In practice, this means we use LLMs in at least three ways: as assistants for writing and debugging code, as tools for structured analysis workflows under researcher supervision, and as analytic partners for qualitative and multimodal data. Across all three uses, our approach remains the same as the rest of this field guide: start with a clear research question, make data and analytic decisions explicit, and validate outputs before drawing conclusions.
Because LLM-assisted analysis introduces new opportunities and risks, we also emphasize responsible use throughout the book. We encourage readers to evaluate LLM-supported work through three core criteria: correctness, transparency, and reproducibility. In other words, LLMs can help us see more in the data, but they should never reduce the rigor of how we do research.
This Book Vs. The AI Timeline
We did not write this book in a quiet methodological era. We started with a strong computational methods plan, thought we were almost done, and then watched the AI landscape change faster than our chapter drafts.

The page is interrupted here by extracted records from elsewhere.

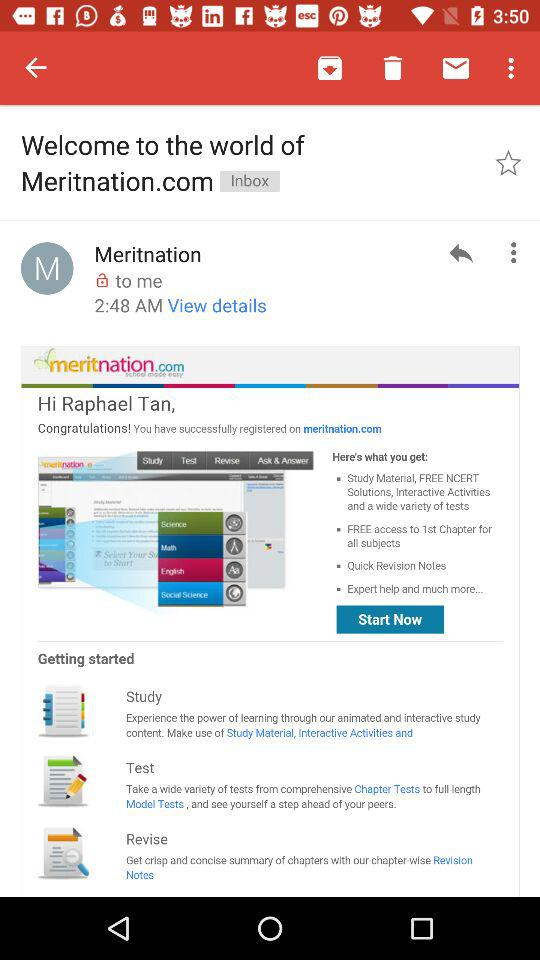When was the mail received? The mail was received at 2:48 AM. 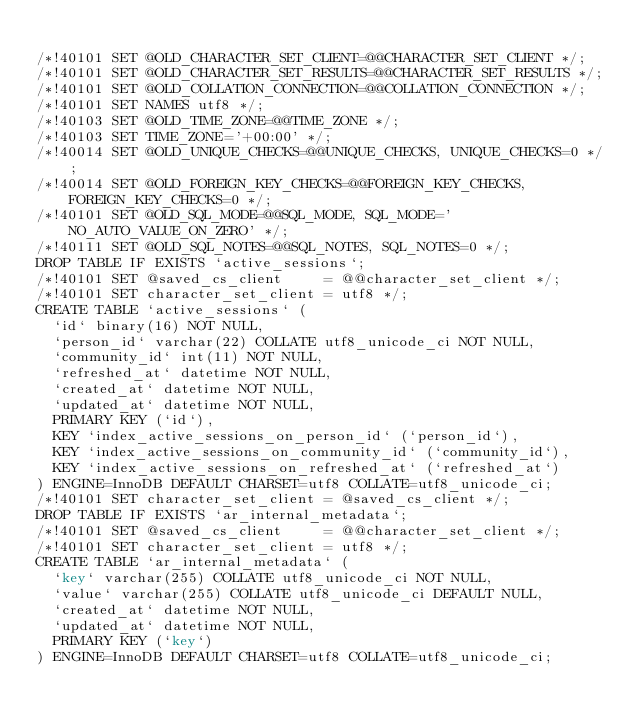Convert code to text. <code><loc_0><loc_0><loc_500><loc_500><_SQL_>
/*!40101 SET @OLD_CHARACTER_SET_CLIENT=@@CHARACTER_SET_CLIENT */;
/*!40101 SET @OLD_CHARACTER_SET_RESULTS=@@CHARACTER_SET_RESULTS */;
/*!40101 SET @OLD_COLLATION_CONNECTION=@@COLLATION_CONNECTION */;
/*!40101 SET NAMES utf8 */;
/*!40103 SET @OLD_TIME_ZONE=@@TIME_ZONE */;
/*!40103 SET TIME_ZONE='+00:00' */;
/*!40014 SET @OLD_UNIQUE_CHECKS=@@UNIQUE_CHECKS, UNIQUE_CHECKS=0 */;
/*!40014 SET @OLD_FOREIGN_KEY_CHECKS=@@FOREIGN_KEY_CHECKS, FOREIGN_KEY_CHECKS=0 */;
/*!40101 SET @OLD_SQL_MODE=@@SQL_MODE, SQL_MODE='NO_AUTO_VALUE_ON_ZERO' */;
/*!40111 SET @OLD_SQL_NOTES=@@SQL_NOTES, SQL_NOTES=0 */;
DROP TABLE IF EXISTS `active_sessions`;
/*!40101 SET @saved_cs_client     = @@character_set_client */;
/*!40101 SET character_set_client = utf8 */;
CREATE TABLE `active_sessions` (
  `id` binary(16) NOT NULL,
  `person_id` varchar(22) COLLATE utf8_unicode_ci NOT NULL,
  `community_id` int(11) NOT NULL,
  `refreshed_at` datetime NOT NULL,
  `created_at` datetime NOT NULL,
  `updated_at` datetime NOT NULL,
  PRIMARY KEY (`id`),
  KEY `index_active_sessions_on_person_id` (`person_id`),
  KEY `index_active_sessions_on_community_id` (`community_id`),
  KEY `index_active_sessions_on_refreshed_at` (`refreshed_at`)
) ENGINE=InnoDB DEFAULT CHARSET=utf8 COLLATE=utf8_unicode_ci;
/*!40101 SET character_set_client = @saved_cs_client */;
DROP TABLE IF EXISTS `ar_internal_metadata`;
/*!40101 SET @saved_cs_client     = @@character_set_client */;
/*!40101 SET character_set_client = utf8 */;
CREATE TABLE `ar_internal_metadata` (
  `key` varchar(255) COLLATE utf8_unicode_ci NOT NULL,
  `value` varchar(255) COLLATE utf8_unicode_ci DEFAULT NULL,
  `created_at` datetime NOT NULL,
  `updated_at` datetime NOT NULL,
  PRIMARY KEY (`key`)
) ENGINE=InnoDB DEFAULT CHARSET=utf8 COLLATE=utf8_unicode_ci;</code> 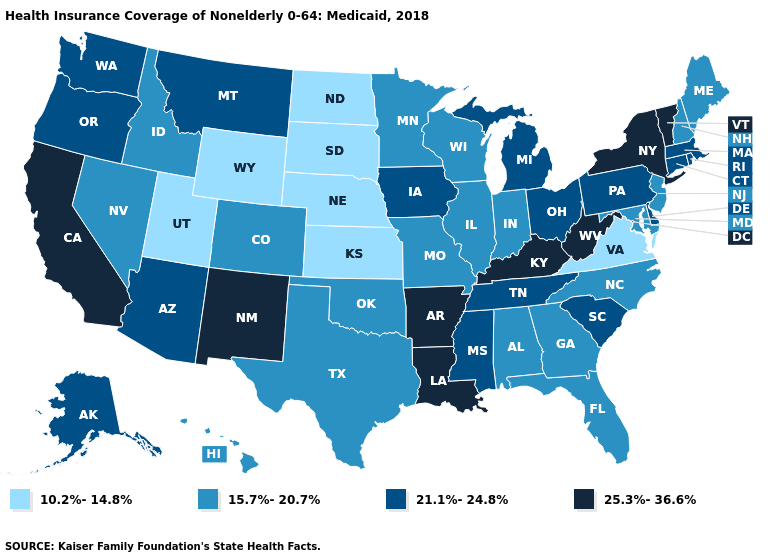Does Minnesota have a higher value than Texas?
Quick response, please. No. How many symbols are there in the legend?
Concise answer only. 4. Among the states that border Washington , which have the highest value?
Quick response, please. Oregon. Does Iowa have a higher value than Oregon?
Write a very short answer. No. What is the value of Alaska?
Answer briefly. 21.1%-24.8%. Which states have the lowest value in the Northeast?
Be succinct. Maine, New Hampshire, New Jersey. Among the states that border Texas , which have the lowest value?
Be succinct. Oklahoma. Name the states that have a value in the range 15.7%-20.7%?
Answer briefly. Alabama, Colorado, Florida, Georgia, Hawaii, Idaho, Illinois, Indiana, Maine, Maryland, Minnesota, Missouri, Nevada, New Hampshire, New Jersey, North Carolina, Oklahoma, Texas, Wisconsin. Does the map have missing data?
Be succinct. No. Name the states that have a value in the range 10.2%-14.8%?
Answer briefly. Kansas, Nebraska, North Dakota, South Dakota, Utah, Virginia, Wyoming. Does West Virginia have the highest value in the USA?
Give a very brief answer. Yes. Does Iowa have the highest value in the MidWest?
Quick response, please. Yes. Which states have the lowest value in the USA?
Be succinct. Kansas, Nebraska, North Dakota, South Dakota, Utah, Virginia, Wyoming. Name the states that have a value in the range 21.1%-24.8%?
Give a very brief answer. Alaska, Arizona, Connecticut, Delaware, Iowa, Massachusetts, Michigan, Mississippi, Montana, Ohio, Oregon, Pennsylvania, Rhode Island, South Carolina, Tennessee, Washington. Name the states that have a value in the range 15.7%-20.7%?
Short answer required. Alabama, Colorado, Florida, Georgia, Hawaii, Idaho, Illinois, Indiana, Maine, Maryland, Minnesota, Missouri, Nevada, New Hampshire, New Jersey, North Carolina, Oklahoma, Texas, Wisconsin.

More than once.
The comic below captures that very real author experience: every time we felt “finally, this version is stable,” a new model release arrived and politely informed us that stability is a temporary concept.
Instead of treating this as a disaster, we used it as a design principle. Keep the foundations (text, network, numeric methods), integrate new AI workflows where they are genuinely useful, and make responsible use explicit at every step.
Figure. A comic-style reflection of how this book evolved alongside rapid AI changes (generated with Gemini, based on the authors’ storyline).
Who is this book for?
This book will be beginner-friendly but not for the absolute beginner. We will dedicate the initial chapters to take you to resources that will help you get started. But, to make sense of this book, you should have basic research design knowledge, basic statistical knowledge, and a basic understanding of R and RStudio. At the same time, this book will not be for experts or expertise. There are already many great resources that delve into the topics that we cover (e.g., Silge’s book on using text data for machine learning).
We imagine that this book can become a part of doctoral coursework for future researchers, opening the doors for new ways to look at the world for research and data. Likewise, senior and junior academics/researchers would benefit greatly from this book to help them expand their research agendas.
For researchers like ourselves, we think this book can serve as a fun summer reading to rejuvenate and get excited about new research. At the same time, we also envision this book as a guidebook to keep on the side and frequently refer to, as researchers write up their work using these new methods.
This book will provide new ways to look at the world and formulate RQs. It will guide through the research process for each new method (including, friendly data organization tips, template for writing up and sharing this. We hope that you join us in this journey and this work will help open up new doors/embark on a journey of using computational research methods.
Organization of the Book
The book is organized around four sections. Within these sections, there are specific chapters, which serve as field guide “entries” or “cases”. While the section overviews (the first chapter within each section) introduce the techniques or methodologies used in the rest of the section’s chapters, the chapters are intended to address a specific, narrow case, where we provide a sample write-up for researchers in writing their research questions, methods, results (and discussions) sections based on the analyses.